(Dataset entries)
================================

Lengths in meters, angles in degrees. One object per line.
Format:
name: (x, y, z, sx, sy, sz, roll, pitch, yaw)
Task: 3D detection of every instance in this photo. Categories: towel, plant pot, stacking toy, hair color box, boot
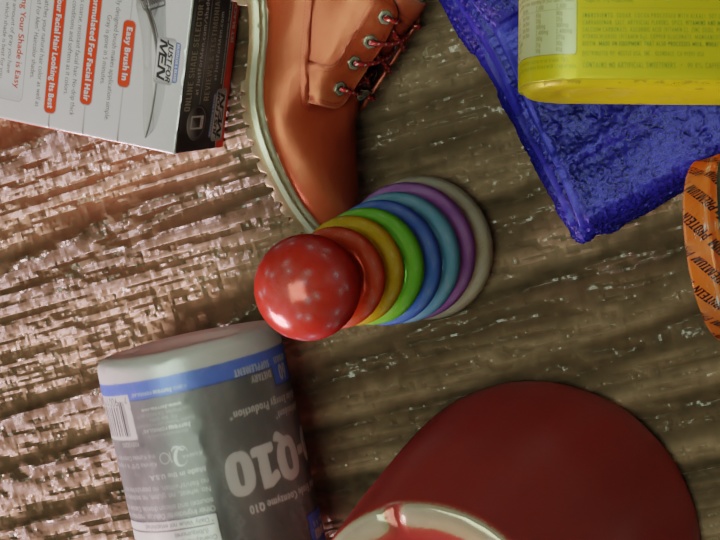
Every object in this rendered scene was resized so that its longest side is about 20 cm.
towel: (0.129, -0.130, 1.001, 0.148, 0.050, 0.200, -31, 85, 26)
plant pot: (0.070, 0.172, 1.006, 0.200, 0.177, 0.201, 4, 99, 24)
stacking toy: (0.000, 0.000, 0.997, 0.085, 0.200, 0.086, 4, 100, 24)
hair color box: (-0.178, -0.144, 1.131, 0.200, 0.064, 0.111, 13, 102, 23)
boot: (-0.011, -0.118, 1.056, 0.107, 0.075, 0.201, -5, 95, 21)

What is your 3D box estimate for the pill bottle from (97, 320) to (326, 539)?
pill bottle: (-0.083, 0.139, 1.105, 0.114, 0.114, 0.200, -11, 94, 25)

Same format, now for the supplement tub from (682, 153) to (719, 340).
supplement tub: (0.270, -0.024, 0.914, 0.200, 0.122, 0.123, -8, 95, 25)

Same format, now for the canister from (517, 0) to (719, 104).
canister: (0.149, -0.187, 0.927, 0.148, 0.087, 0.201, 1, 88, 0)
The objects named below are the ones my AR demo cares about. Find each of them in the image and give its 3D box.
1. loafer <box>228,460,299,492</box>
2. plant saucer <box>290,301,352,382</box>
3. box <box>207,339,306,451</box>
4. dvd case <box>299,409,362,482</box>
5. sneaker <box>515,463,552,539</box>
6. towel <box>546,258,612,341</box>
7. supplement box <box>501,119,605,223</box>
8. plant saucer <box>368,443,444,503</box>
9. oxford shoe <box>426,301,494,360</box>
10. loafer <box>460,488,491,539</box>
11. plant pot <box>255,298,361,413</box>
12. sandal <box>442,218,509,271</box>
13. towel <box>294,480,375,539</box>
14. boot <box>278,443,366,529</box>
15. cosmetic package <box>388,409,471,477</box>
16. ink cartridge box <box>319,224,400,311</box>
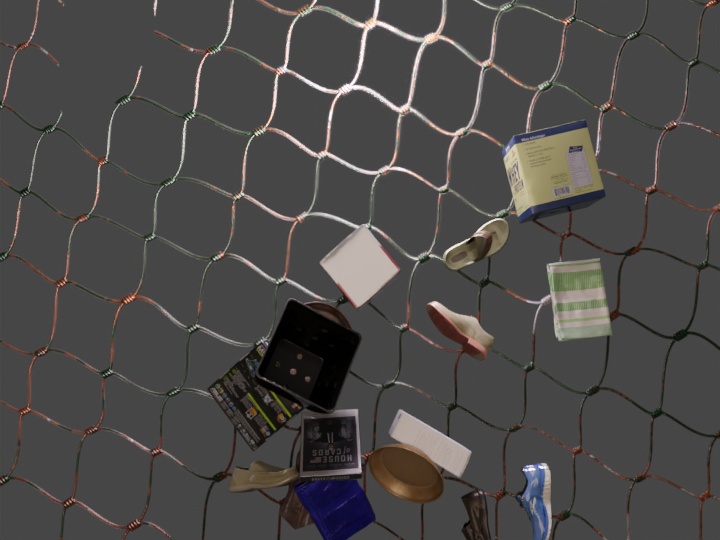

================================

## ACTIVITY
Extract exactly and only the lines above from the line containing "5. sneaker <box>515,463,552,539</box>" through the line containing "11. plant pot <box>255,298,361,413</box>", both end lines included.

## RESULT FOR THIS TASK
5. sneaker <box>515,463,552,539</box>
6. towel <box>546,258,612,341</box>
7. supplement box <box>501,119,605,223</box>
8. plant saucer <box>368,443,444,503</box>
9. oxford shoe <box>426,301,494,360</box>
10. loafer <box>460,488,491,539</box>
11. plant pot <box>255,298,361,413</box>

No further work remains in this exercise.